- Directed by: Don Siegel
- Screenplay by: Hans Wilhelm László Vadnay
- Produced by: Mort Briskin Maurie M. Suess
- Starring: Viveca Lindfors Paul Christian Ludwig Stössel
- Cinematography: Tony Braun
- Edited by: Henrietta Brunsch
- Music by: Herschel Burke Gilbert
- Production company: Morjay Productions
- Distributed by: RKO Pictures
- Release dates: December 25, 1952 (New York City); January 31, 1953 (US);
- Running time: 83 minutes
- Country: United States
- Language: English

= No Time for Flowers =

1952 film by Don Siegel

No Time for Flowers is a 1952 American romantic comedy film directed by Don Siegel and starring Viveca Lindfors, Paul Christian and Ludwig Stössel. Featuring a Cold War setting and some location shooting in Vienna, it was distributed by RKO Pictures.

==Plot==
A young girl's loyalty to the Communist Party is tested in Prague when she falls in love with an attaché who has just arrived from the United States.

==Cast==
- Viveca Lindfors as Anna Svoboda
- Paul Christian as Karl Marek
- Ludwig Stössel as Papa
- Adrienne Gessner as Mama
- Peter Preses as Emil Dadak
- Manfred Inger as Kudelka
- Peter Czejke as Stefan Svoboda
- Fred Berger as Anton Novotny
- Oskar Wegrostek as Johann Burian
- Helmut Janosch as Milo
- Hilde Jaeger as Mrs.
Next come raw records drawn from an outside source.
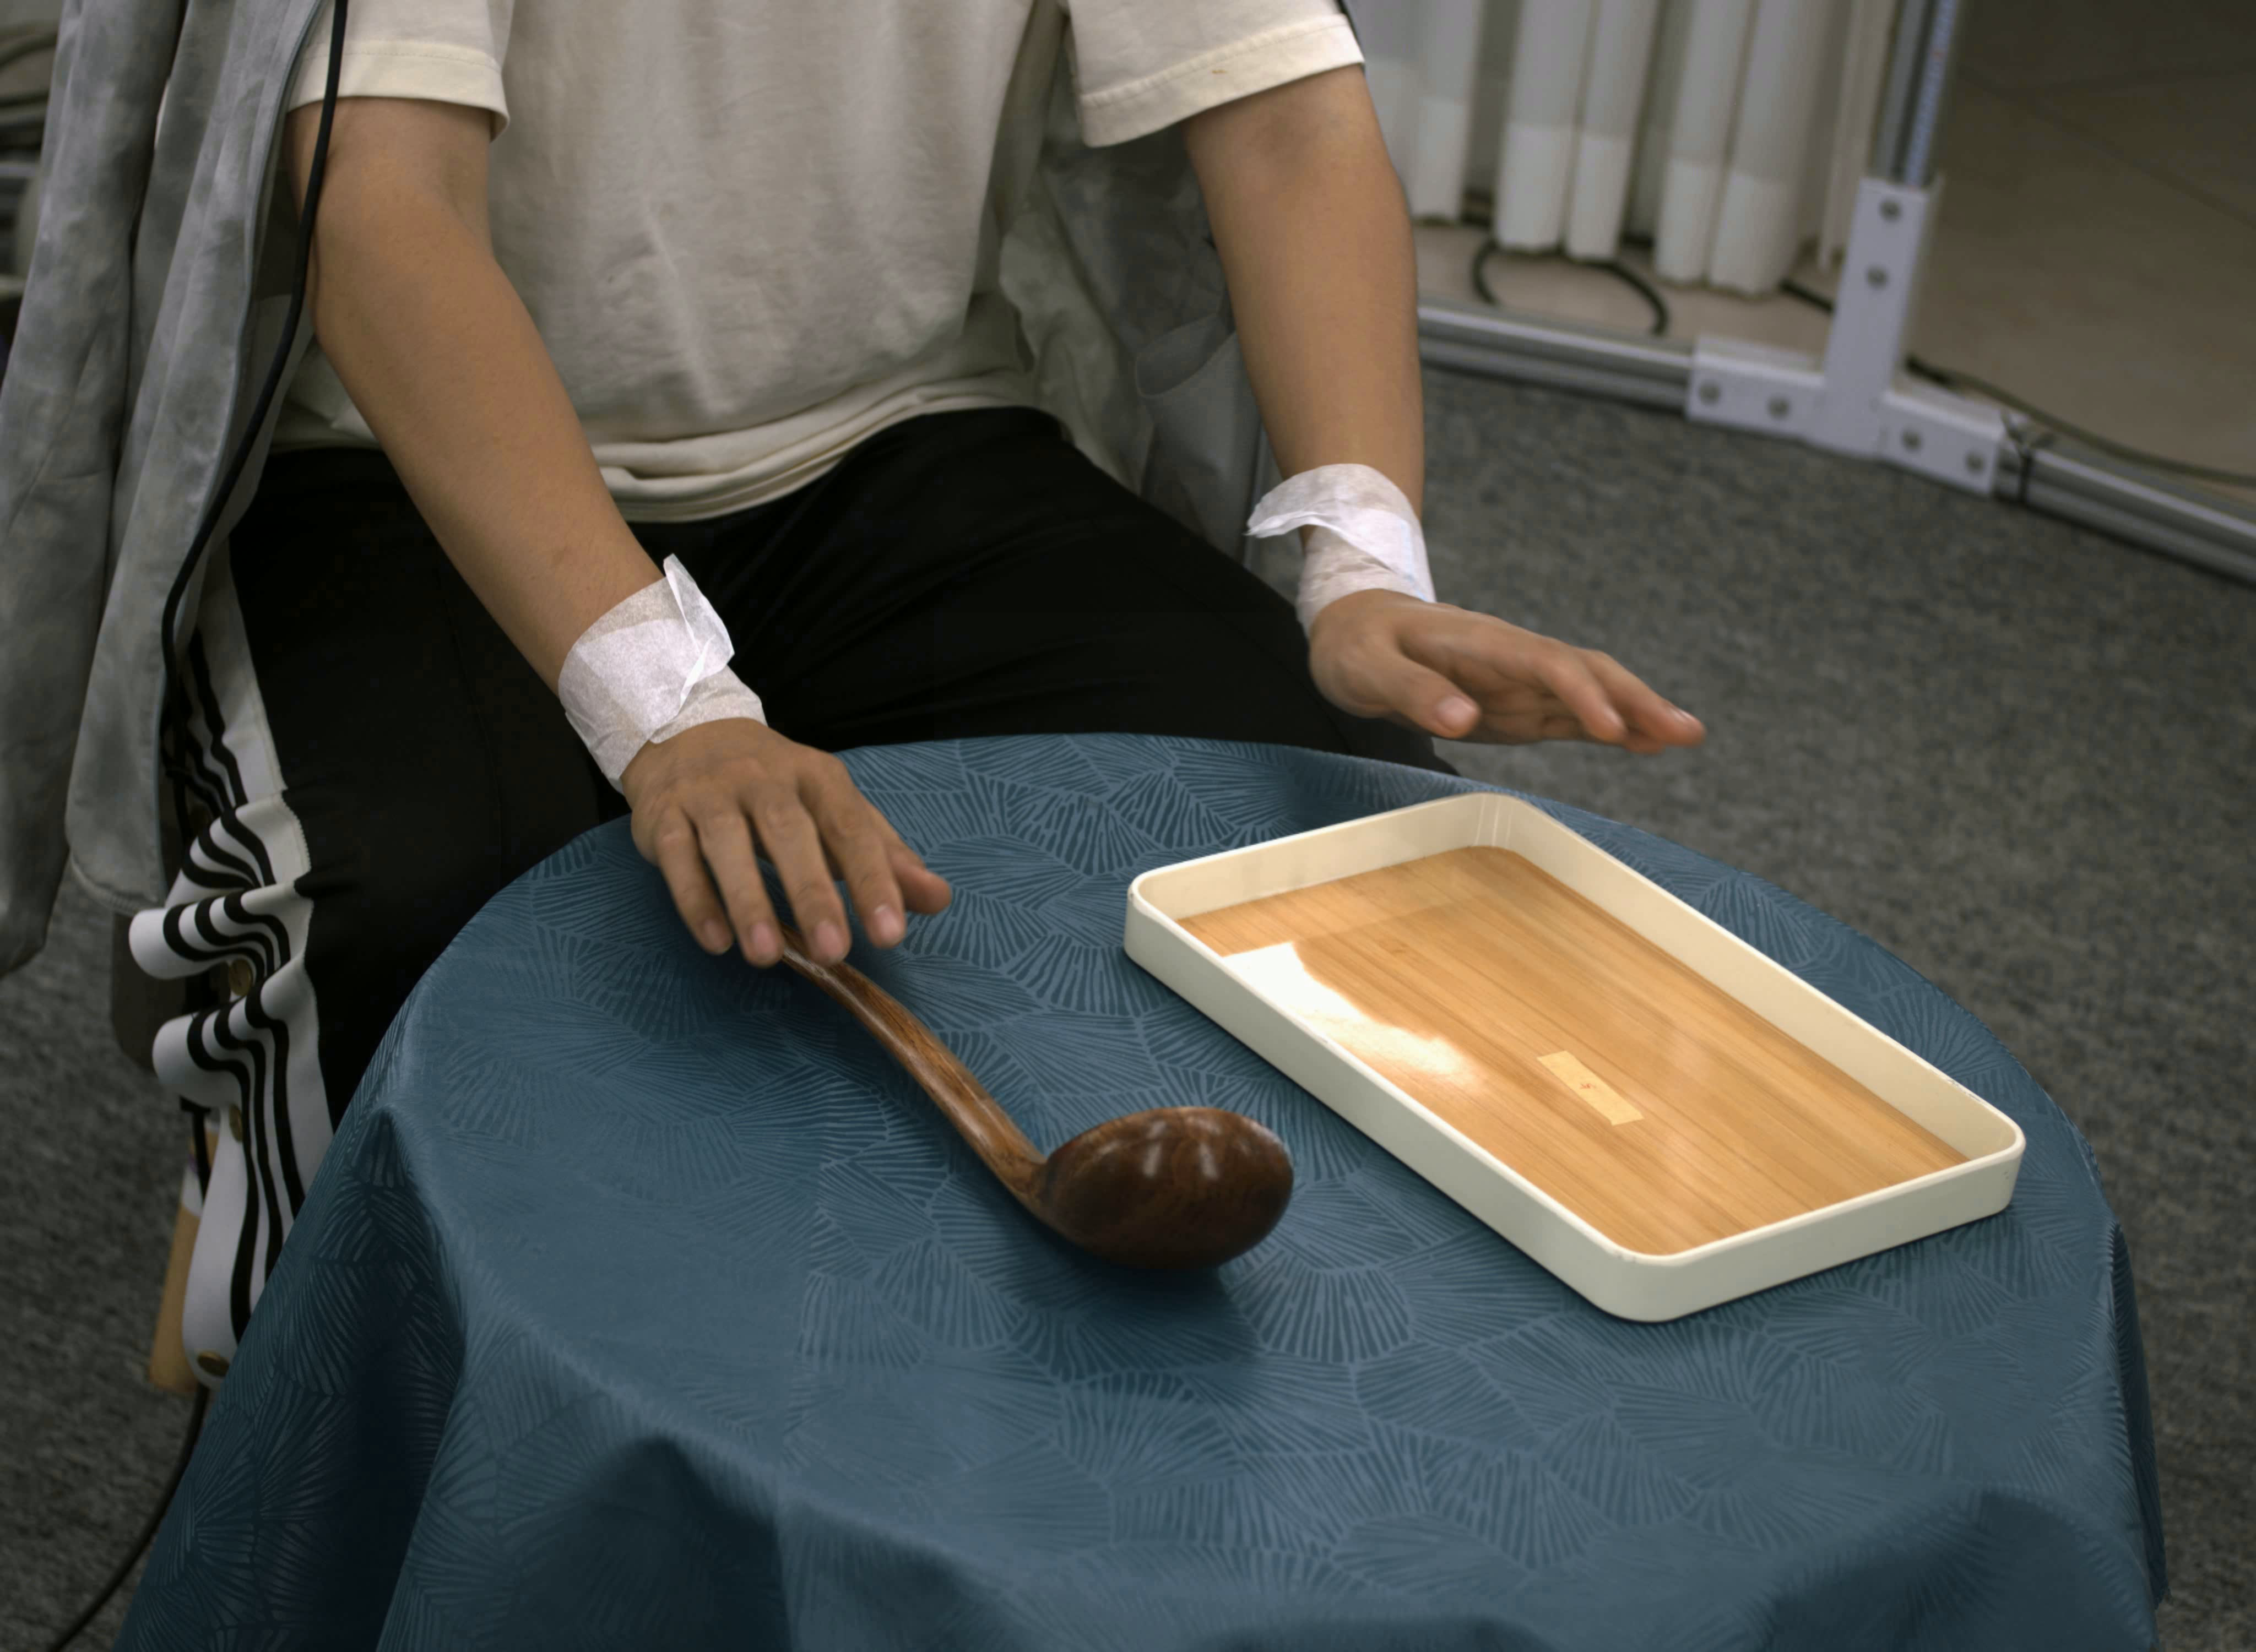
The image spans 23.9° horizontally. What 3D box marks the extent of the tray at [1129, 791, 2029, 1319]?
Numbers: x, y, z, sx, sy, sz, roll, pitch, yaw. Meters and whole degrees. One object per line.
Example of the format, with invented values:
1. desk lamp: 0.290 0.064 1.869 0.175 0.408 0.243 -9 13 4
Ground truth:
1. tray: 0.156 0.076 1.904 0.190 0.027 0.303 -13 33 -34

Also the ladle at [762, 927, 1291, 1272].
1. ladle: -0.040 0.074 1.818 0.081 0.076 0.276 37 3 -40
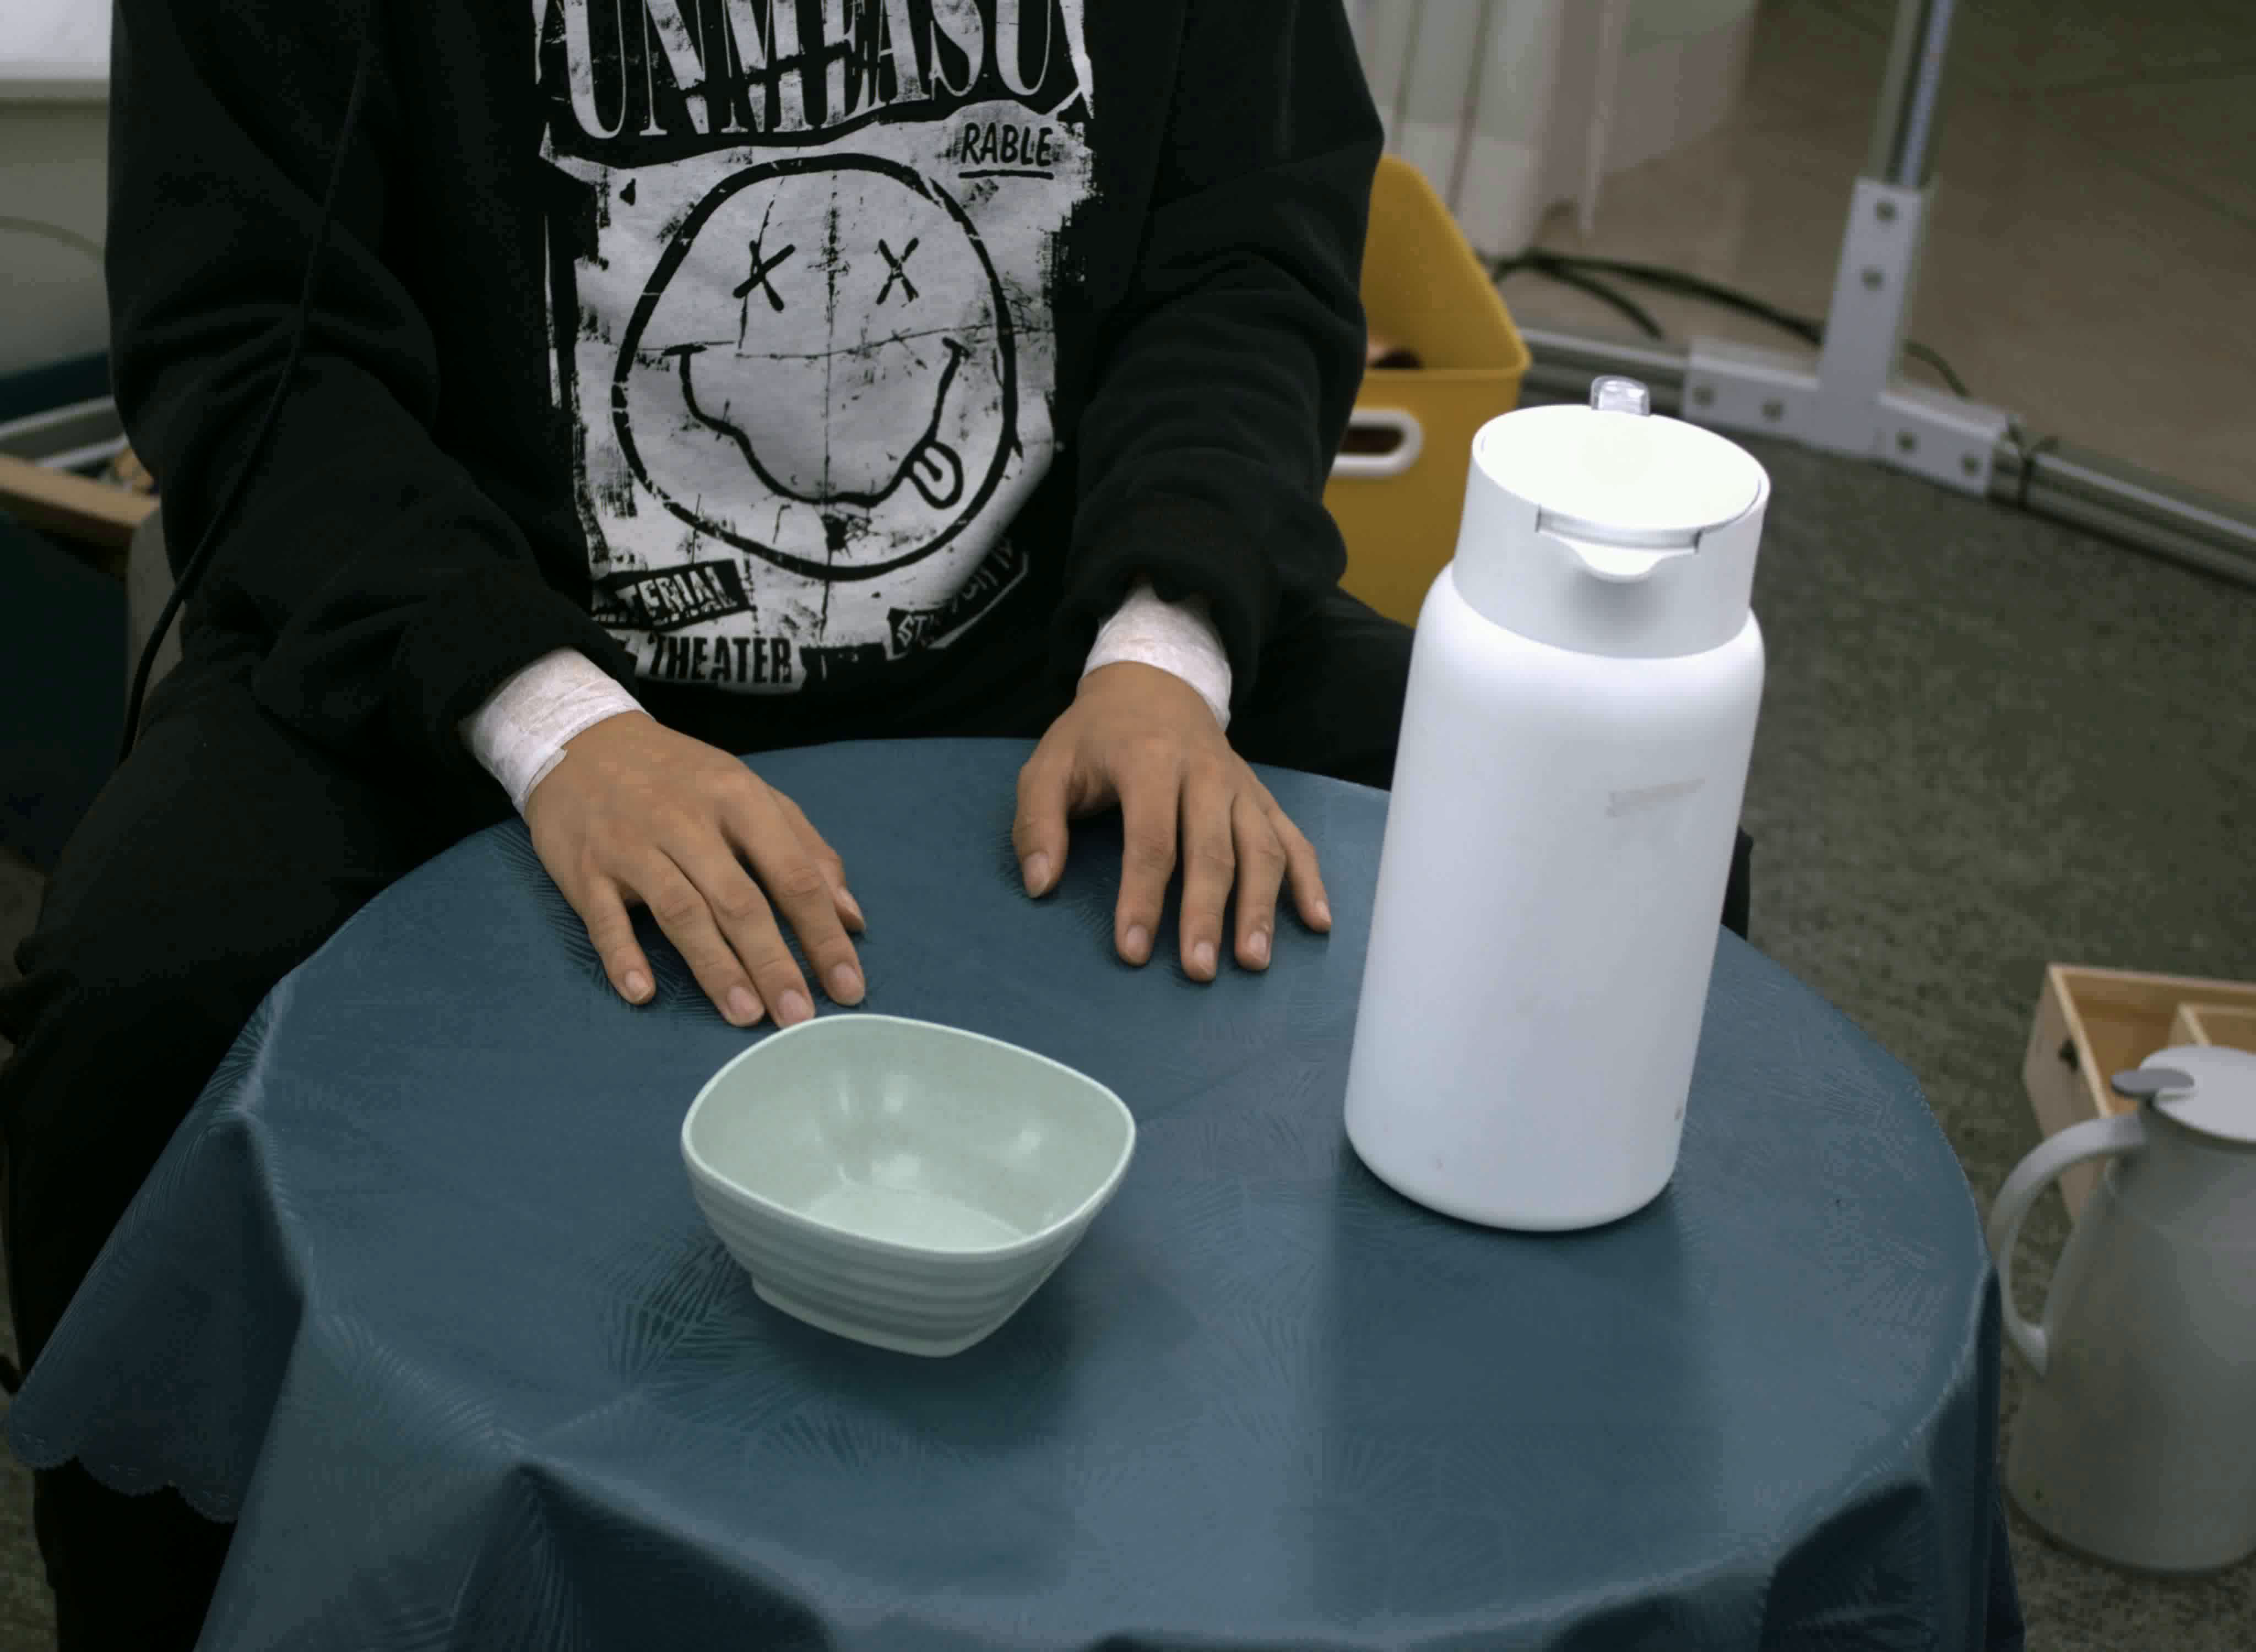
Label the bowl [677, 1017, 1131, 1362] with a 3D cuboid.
[{"bbox_3d":[-0.075,0.124,1.730,0.151,0.058,0.152,5,27,-3],"label":"bowl"}]

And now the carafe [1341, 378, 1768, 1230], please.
[{"bbox_3d":[0.145,-0.011,1.809,0.123,0.268,0.174,5,27,1],"label":"carafe"}]

Pilski
- Pepi Glöckner-Kramer as 	Flower Woman
- Reinhold Seigert as 	Police Guard
- Willi Schumann as 	Police Sergeant
- Ilka Windish as 	Woman Drunk
- Anton Mitterwurzer as Sedlacek
- Teo Prokop as 	Czech peasant
- Robert Eckert as 	Taxi driver
- Peter Brand as First soldier
- Karl Schwetter as 	Second soldier

==Critical Appraisal==
Judith M. Kass offers this assessment: “No Time for Flowers is a largely unsuccessful attempt at comedy in which Viveca Lindfors portrays a Ninotchka-like Czech, eager for both advancement in the Communist world and in the luxuries of the West.

==Theme==

Biographer Judith M. Kass notes this thematic element in the film:

The fear that one can incriminate oneself or others, no matter how innocent a remark may be, and that no one can be trusted, are the main causes for anxiety in No Time for Flowers. Coupled with economic deprivation, this spiritual poverty is even harder to bear. Existing with these tribulations is a good-natured, more natural desire to be open, free to fall in love, and try for some happiness, however limited.

== Sources ==
- Kass, Judith M. (1975). "Don Siegel: The Hollywood Professionals, Volume 4"
- Mayer, Geoff. Historical Dictionary of Crime Films. Scarecrow Press, 2012.